WHAT YOU HAVE TO DO. Filter these entries, keeping only lines that hold the word "whole".

(Stored dataset items)

Content starts

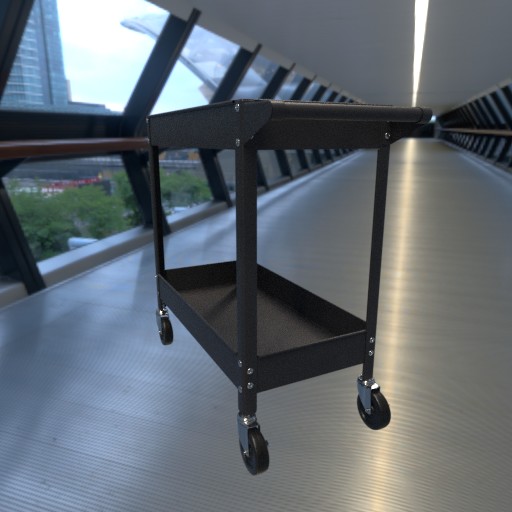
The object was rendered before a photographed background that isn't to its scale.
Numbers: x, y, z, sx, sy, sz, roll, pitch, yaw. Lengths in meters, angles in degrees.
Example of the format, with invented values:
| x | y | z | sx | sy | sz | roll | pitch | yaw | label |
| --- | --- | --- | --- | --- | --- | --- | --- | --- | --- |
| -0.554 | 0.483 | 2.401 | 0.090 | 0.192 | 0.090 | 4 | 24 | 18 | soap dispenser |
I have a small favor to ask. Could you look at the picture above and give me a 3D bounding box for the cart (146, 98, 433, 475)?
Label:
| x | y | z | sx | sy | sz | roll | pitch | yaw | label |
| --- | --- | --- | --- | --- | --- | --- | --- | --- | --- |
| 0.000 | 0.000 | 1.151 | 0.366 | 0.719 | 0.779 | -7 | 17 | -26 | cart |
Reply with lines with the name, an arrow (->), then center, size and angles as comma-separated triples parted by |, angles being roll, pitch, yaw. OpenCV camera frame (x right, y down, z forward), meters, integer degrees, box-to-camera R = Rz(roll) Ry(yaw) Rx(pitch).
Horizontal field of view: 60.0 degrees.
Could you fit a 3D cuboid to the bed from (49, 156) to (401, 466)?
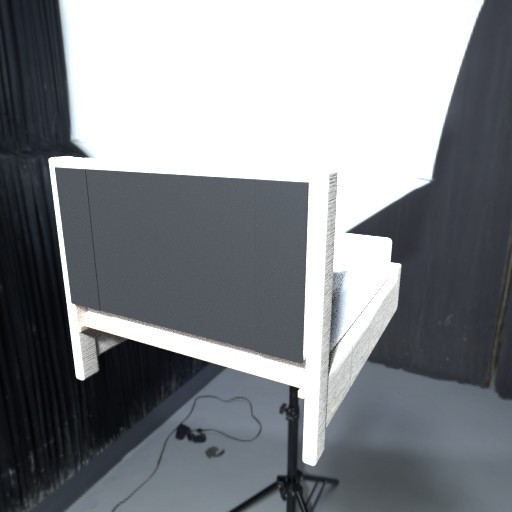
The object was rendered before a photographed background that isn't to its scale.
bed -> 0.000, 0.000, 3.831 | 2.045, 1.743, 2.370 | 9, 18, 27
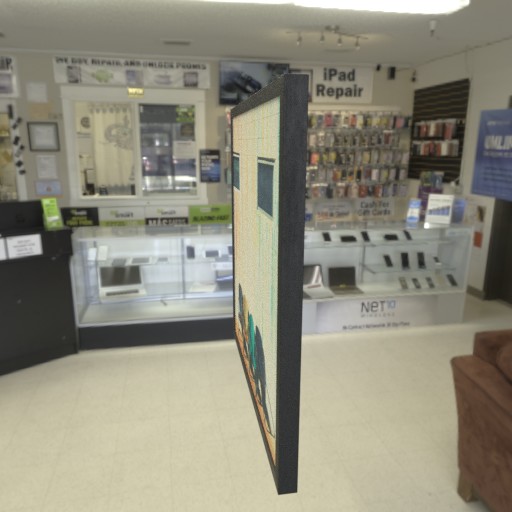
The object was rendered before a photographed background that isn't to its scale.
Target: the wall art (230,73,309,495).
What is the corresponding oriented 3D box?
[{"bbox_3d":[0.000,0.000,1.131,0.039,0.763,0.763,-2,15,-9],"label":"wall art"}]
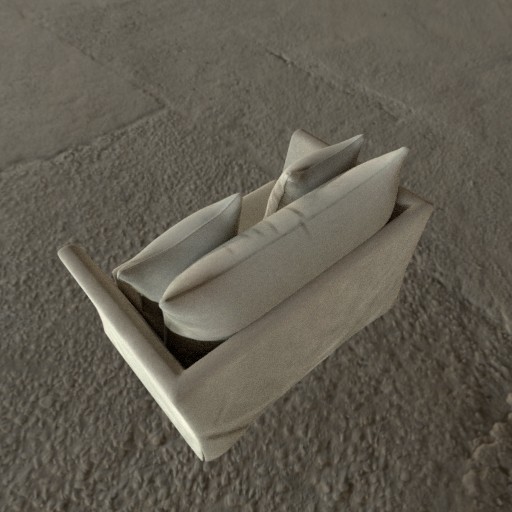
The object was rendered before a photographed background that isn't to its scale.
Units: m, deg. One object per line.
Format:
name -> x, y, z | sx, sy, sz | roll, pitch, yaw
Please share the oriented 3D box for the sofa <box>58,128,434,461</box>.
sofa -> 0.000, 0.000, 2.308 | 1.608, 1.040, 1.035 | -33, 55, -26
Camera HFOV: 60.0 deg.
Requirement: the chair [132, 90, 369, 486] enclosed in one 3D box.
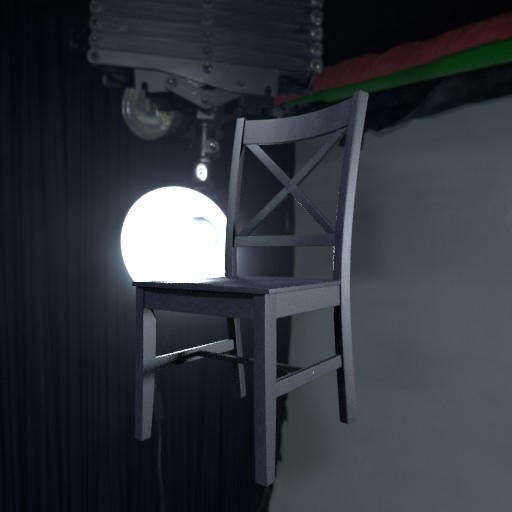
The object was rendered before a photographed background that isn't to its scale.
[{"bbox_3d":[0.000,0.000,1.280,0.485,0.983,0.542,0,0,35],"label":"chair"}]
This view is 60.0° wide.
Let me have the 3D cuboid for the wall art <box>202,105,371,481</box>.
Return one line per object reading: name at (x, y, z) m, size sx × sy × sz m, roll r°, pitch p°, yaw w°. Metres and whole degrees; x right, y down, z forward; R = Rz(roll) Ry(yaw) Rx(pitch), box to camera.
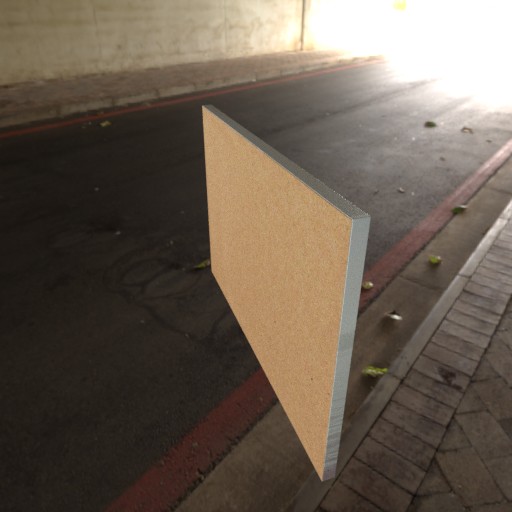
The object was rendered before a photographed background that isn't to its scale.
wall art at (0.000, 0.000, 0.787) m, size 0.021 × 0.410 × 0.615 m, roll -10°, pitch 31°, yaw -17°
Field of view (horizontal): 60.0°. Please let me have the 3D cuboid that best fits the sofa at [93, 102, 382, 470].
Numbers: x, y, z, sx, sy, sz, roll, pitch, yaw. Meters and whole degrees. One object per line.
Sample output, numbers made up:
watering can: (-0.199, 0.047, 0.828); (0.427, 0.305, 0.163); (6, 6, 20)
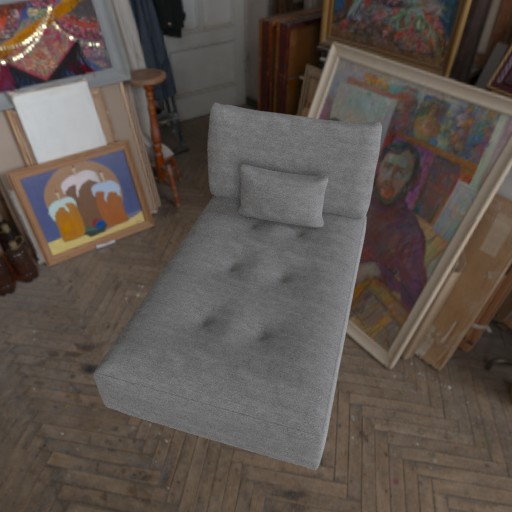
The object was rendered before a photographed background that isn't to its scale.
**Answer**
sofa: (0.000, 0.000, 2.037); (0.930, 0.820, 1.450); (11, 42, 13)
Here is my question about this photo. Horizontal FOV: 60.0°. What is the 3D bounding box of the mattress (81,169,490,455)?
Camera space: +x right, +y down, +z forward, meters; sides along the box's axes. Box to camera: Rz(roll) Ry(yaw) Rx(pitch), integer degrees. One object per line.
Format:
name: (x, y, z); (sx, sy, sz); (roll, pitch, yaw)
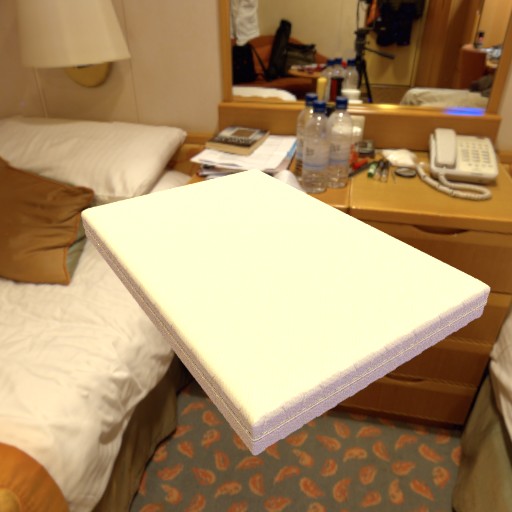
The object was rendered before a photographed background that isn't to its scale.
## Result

Content ends

TASK RESPONSE.
Return one line per object reading: name at (x, y, z) m, size sx × sy × sz m, roll r°, pitch p°, yaw w°. Metres and whole degrees; x right, y down, z forward; R = Rz(roll) Ry(yaw) Rx(pitch), box to camera.
Numbers: x, y, z, sx, sy, sz, roll, pitch, yaw. Meters and whole degrees. One object per line.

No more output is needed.